Forum: Rails-core (closed, excessive spam) [PATCH] Support for DB Clusters/Replication in ActiveRecord

Posted by Stephen (Guest)
on 2006-07-26 05:03
(Received via mailing list)
Hello,

Due to the Trac situation, I am forwarding this patch along to this list 
in
the hopes of elicting some feedback.  I will be sure to open a proper 
ticket
when possible.

I have done some extensive work on active record to allow for databases 
to
be defined in terms of "connection pools" rather than simply one 
database.
Most of the work was completed in connection_specification.rb and is 
done at
this level  to be compatible with any backend you choose.   Also this 
patch
maintains full compatibiltity with the current paradigm so no changes 
are
necessary to current applications/documentation.

Defining a database pool is very easy and follows a common sense
convention.  I will assume you are running with RAILS_ENV=development 
for
this example.  You first define your connections as you always have in
database.yml .  Your are then able to able to define
  development_read_pool: db1, db2, db3
  development_write_pool: db3, db4, db5  (In general, the name is
RAILS_ENV_write_pool so you can test your clusters in development and
production with no config changes)

where each is a set of connection names that you have already defined.
ActiveRecord::Base.connection will then return connections from the
appropriate pool using round-robin when more than one connection is
available to it.  This is handy if you hvae a high traffic website for
example and you want to load balance over several slave servers for 
reading
while writing to the one master server consistently.  The syntax for
.connection is as follow

ExampleModel.connection            # default "compatibility behavior" 
always
returns a write connection.
ExampleModel.connection(:read)  #  Return a connection from the read 
pool
ExampleModel.connection (:write)  #  Return a connection from the write 
pool

I have also changed  a few of the functions in base.rb to utilize the
correction pool (for example, find_by_sql calls connection(:read))  This
again makes the patch seamless to end applications while allowing them 
to
use the new functionality.

A patch aganist the lastest CVS is attached.  Some rough notes on
implementation are also include below - there not 100% complete but give 
a
good idea of what was changed.

This currently passes an ActiveRecord rake with flying colors.

Implementation:

1.  Added two arrays to act as pools for connections related to this
connection.

   @@read_connection_pool = {}
   @@write_connection_pool = {}

   Each is later defined as an array such that

    @@read_connection_pool[name] represenets all of the read connections
available to the current
        class. This allows us to stay fully backward compatiable with 
the
old methodology where name
    is @active_connection_name


2.  Define 2 variables to track index of last used connection.  This is 
used
when doing round-robin

    @@last_read_connection = 0
    @@last_write_connection = 0

3.  Define a function for appending connections to pools
(append_spec_to_connection_pools spec).
    If the config has an attribute read_only == true then it is only 
entered
into the read_connection_pool
    and vice versa for the write_connection_pool.  @@defined_connections
also is defined at the same time.

    @@write_connection_pool[spec.object_id] always equals
@@defined_connections[spec.object_id]


5.  Define a function establish_connection_pools which looks for two
variables to be
    set in the configuration:

    RAILS_ENV_read_connection_pool
    RAILS_ENV_write_conenction_pool

    Normally in Rails, this would setup in the YAML file.  Each variable 
is
a comma delimited
    list of connections to use, one for read the other for write.

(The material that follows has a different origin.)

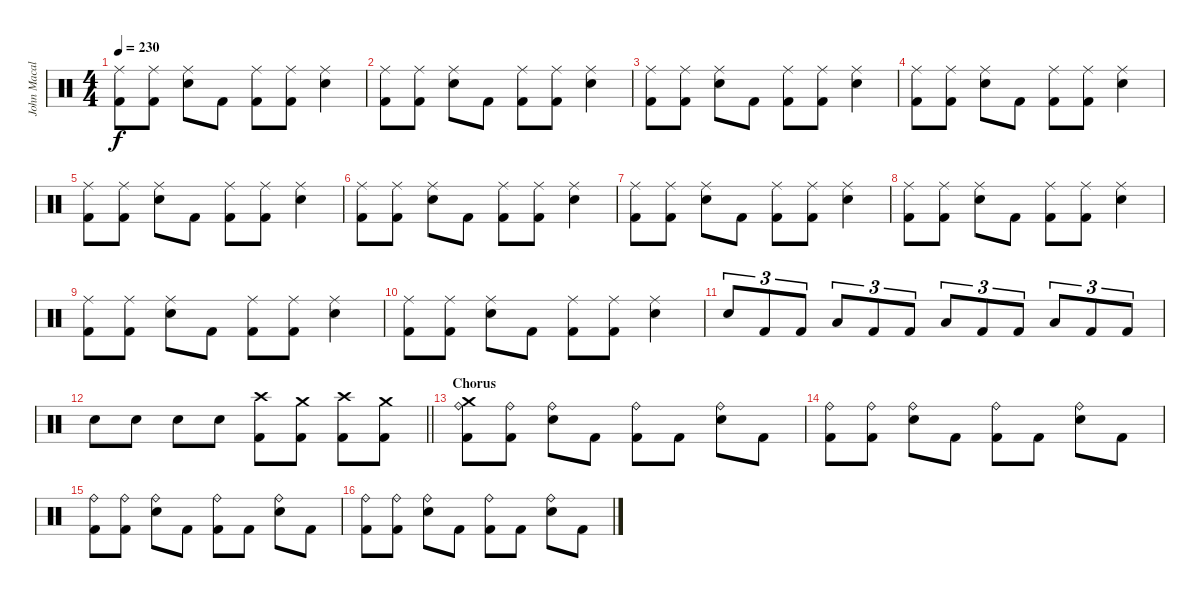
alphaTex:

6.  Define a function clear_connection_pool which clears the connection
pools.

7.  Modify establish_connection
    a.  When passed nil, call establish_connection_pools(RAILS_ENV)
    b.  When passed a ConnectionSpecification, clear all connection 
pools as
well as the
        active_connection_name

8.  Move code from establish connection to ConnectionSpecification
constructor so an object can be made
    out of any spec thats passed to it.   (Avoiding breakage of DRY
principle)


9.  Remove settings @@defined_connections[name] in establish_connection.
This is now done by
    calling


10.  Define two functions, round robin read and round robin write which
     returns AbstractAdapters from the various pools.

11.  Modify retreive connection so that it takes an id of an object that
should be in @@defined_connections
     Remove it's dependency on connection= as this will break things.

12.  Modify connection= to call establish_connection on
ConnectionSpecification.

13.  Moidfy self.remove_connection to call clear_connection_pool

14.  Modify active_connection_name to check if a pool exists instead of
defined_connections

Patch attached is aganist whats in the subversion repo.

Best Regards,
Stephen Blackstone
This topic is locked and can not be replied to.